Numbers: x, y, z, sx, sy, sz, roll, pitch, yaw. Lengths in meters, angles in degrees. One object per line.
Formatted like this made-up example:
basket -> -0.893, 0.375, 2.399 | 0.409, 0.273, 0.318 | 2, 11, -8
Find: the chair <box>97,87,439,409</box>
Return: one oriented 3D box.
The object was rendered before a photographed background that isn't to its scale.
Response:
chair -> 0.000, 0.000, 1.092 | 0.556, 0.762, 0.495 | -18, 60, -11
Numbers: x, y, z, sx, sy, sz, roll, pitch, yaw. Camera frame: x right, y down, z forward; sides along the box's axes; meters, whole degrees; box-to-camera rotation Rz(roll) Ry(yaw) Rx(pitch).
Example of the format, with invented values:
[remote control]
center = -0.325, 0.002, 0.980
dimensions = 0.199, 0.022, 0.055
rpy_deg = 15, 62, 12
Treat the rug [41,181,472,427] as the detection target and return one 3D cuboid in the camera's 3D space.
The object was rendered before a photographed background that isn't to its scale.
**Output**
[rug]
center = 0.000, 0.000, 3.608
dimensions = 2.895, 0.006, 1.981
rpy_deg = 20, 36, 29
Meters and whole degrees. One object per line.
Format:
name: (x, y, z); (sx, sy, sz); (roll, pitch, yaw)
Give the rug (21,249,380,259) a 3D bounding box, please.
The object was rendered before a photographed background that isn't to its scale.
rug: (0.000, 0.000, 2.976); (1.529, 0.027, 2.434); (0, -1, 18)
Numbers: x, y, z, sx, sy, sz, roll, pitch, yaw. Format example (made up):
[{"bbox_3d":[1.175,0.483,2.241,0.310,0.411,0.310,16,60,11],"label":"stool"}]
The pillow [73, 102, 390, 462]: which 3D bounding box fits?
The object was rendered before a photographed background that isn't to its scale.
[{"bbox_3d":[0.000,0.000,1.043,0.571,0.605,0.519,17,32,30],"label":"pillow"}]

==

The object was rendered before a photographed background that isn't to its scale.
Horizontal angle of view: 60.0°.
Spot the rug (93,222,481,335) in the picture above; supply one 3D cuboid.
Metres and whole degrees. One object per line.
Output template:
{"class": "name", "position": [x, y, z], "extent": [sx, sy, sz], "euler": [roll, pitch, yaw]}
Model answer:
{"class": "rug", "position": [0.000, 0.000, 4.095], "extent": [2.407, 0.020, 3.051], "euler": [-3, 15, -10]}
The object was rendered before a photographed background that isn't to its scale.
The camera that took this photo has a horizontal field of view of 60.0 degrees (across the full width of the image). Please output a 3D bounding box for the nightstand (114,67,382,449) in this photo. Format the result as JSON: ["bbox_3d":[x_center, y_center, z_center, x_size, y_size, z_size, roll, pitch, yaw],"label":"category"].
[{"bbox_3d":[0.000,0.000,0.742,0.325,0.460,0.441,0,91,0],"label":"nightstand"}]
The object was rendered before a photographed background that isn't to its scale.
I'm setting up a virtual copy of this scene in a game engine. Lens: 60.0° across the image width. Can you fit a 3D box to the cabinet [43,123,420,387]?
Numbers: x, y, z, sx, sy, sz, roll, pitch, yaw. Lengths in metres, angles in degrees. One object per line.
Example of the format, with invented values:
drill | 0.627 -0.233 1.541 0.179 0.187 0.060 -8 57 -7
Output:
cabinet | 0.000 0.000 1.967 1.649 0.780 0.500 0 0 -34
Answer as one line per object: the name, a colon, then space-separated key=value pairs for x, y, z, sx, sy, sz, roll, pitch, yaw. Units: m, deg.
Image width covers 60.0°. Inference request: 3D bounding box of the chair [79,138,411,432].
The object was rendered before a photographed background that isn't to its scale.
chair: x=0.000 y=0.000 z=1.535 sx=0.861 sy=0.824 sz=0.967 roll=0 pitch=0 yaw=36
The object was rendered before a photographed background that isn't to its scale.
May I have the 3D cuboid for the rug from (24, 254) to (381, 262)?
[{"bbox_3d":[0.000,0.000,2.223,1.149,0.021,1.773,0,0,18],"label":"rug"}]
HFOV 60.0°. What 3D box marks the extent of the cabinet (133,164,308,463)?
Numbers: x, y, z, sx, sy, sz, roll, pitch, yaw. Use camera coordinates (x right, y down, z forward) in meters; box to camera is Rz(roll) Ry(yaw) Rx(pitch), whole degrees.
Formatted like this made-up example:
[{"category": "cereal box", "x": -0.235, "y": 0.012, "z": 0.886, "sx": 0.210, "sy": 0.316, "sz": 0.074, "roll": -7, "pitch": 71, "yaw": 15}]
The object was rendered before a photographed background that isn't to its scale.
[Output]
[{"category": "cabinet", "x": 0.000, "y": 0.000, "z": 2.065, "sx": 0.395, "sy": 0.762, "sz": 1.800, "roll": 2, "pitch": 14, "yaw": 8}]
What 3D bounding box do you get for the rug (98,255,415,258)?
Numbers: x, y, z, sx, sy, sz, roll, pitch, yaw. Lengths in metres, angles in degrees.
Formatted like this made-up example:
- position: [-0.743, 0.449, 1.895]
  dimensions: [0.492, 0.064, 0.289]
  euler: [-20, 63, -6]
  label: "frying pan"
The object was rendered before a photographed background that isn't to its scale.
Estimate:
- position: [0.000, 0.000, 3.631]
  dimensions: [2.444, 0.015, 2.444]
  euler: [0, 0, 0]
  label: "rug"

==

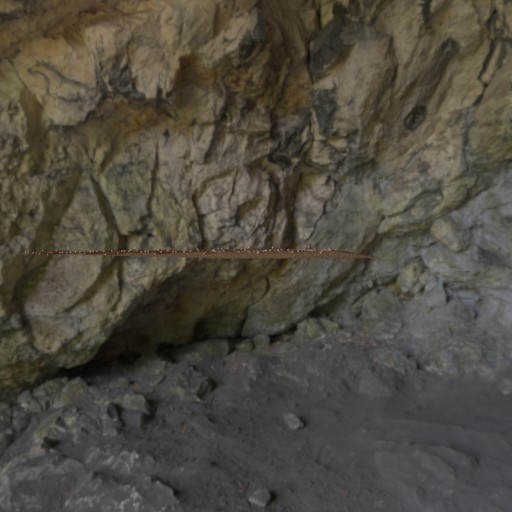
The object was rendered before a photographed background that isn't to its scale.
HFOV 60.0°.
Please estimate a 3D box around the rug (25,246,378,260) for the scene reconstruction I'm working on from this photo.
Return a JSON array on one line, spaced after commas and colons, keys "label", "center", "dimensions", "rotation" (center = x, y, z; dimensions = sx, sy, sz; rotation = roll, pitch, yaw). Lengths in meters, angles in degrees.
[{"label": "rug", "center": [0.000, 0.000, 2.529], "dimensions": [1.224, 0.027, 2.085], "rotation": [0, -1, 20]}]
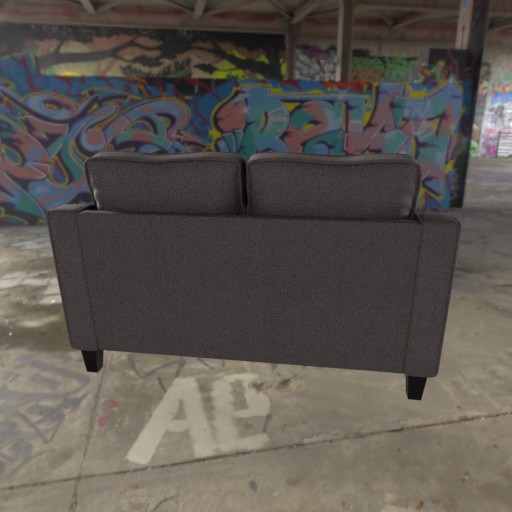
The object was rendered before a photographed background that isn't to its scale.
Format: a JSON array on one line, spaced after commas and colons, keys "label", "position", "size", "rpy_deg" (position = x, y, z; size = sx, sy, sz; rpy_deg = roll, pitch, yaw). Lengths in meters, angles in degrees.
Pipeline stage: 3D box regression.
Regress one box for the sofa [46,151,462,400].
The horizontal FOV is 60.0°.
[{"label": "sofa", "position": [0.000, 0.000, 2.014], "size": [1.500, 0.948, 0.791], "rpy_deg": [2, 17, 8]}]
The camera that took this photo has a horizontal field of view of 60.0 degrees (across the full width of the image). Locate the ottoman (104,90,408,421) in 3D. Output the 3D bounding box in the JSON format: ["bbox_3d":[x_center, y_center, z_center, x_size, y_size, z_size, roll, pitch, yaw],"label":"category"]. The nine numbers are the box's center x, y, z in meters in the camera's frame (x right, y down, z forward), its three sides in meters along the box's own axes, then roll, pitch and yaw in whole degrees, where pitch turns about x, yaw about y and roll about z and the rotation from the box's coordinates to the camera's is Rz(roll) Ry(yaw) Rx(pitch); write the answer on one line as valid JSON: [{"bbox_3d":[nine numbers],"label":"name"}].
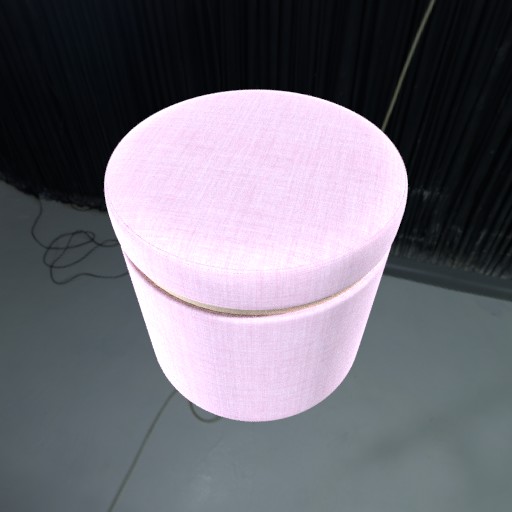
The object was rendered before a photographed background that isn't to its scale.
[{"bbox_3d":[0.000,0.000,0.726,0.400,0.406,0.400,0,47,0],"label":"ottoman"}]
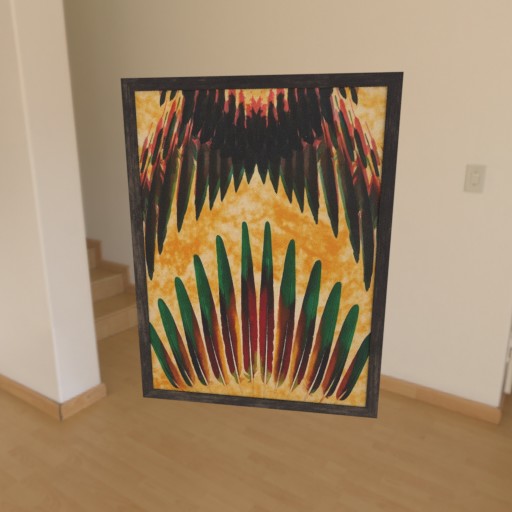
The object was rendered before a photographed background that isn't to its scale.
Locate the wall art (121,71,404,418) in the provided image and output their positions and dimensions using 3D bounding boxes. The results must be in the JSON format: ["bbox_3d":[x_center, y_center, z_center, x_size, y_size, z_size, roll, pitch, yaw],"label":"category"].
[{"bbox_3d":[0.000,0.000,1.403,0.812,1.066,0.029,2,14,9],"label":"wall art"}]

### What this task involves:
There is a line with "meters, angles in degrees. One object per line." and a line with "The pillow [73, 102, 390, 462]: which" above. Copy exactly those two lines and all lines between them, with nothing else.

### Task answer:
Numbers: x, y, z, sx, sy, sz, roll, pitch, yaw. Lengths in meters, angles in degrees. One object per line.
Formatted like this made-up example:
basket -> -0.893, 0.375, 2.399 | 0.409, 0.273, 0.318 | 2, 11, -8
Find: the chair <box>97,87,439,409</box>
Return: one oriented 3D box.
The object was rendered before a photographed background that isn't to its scale.
Response:
chair -> 0.000, 0.000, 1.092 | 0.556, 0.762, 0.495 | -18, 60, -11
Numbers: x, y, z, sx, sy, sz, roll, pitch, yaw. Camera frame: x right, y down, z forward; sides along the box's axes; meters, whole degrees; box-to-camera rotation Rz(roll) Ry(yaw) Rx(pitch).
Example of the format, with invented values:
[remote control]
center = -0.325, 0.002, 0.980
dimensions = 0.199, 0.022, 0.055
rpy_deg = 15, 62, 12
Treat the rug [41,181,472,427] as the detection target and return one 3D cuboid in the camera's 3D space.
The object was rendered before a photographed background that isn't to its scale.
**Output**
[rug]
center = 0.000, 0.000, 3.608
dimensions = 2.895, 0.006, 1.981
rpy_deg = 20, 36, 29
Meters and whole degrees. One object per line.
Format:
name: (x, y, z); (sx, sy, sz); (roll, pitch, yaw)
Give the rug (21,249,380,259) a 3D bounding box, please.
The object was rendered before a photographed background that isn't to its scale.
rug: (0.000, 0.000, 2.976); (1.529, 0.027, 2.434); (0, -1, 18)
Numbers: x, y, z, sx, sy, sz, roll, pitch, yaw. Format example (made up):
[{"bbox_3d":[1.175,0.483,2.241,0.310,0.411,0.310,16,60,11],"label":"stool"}]
The pillow [73, 102, 390, 462]: which 3D bounding box fits?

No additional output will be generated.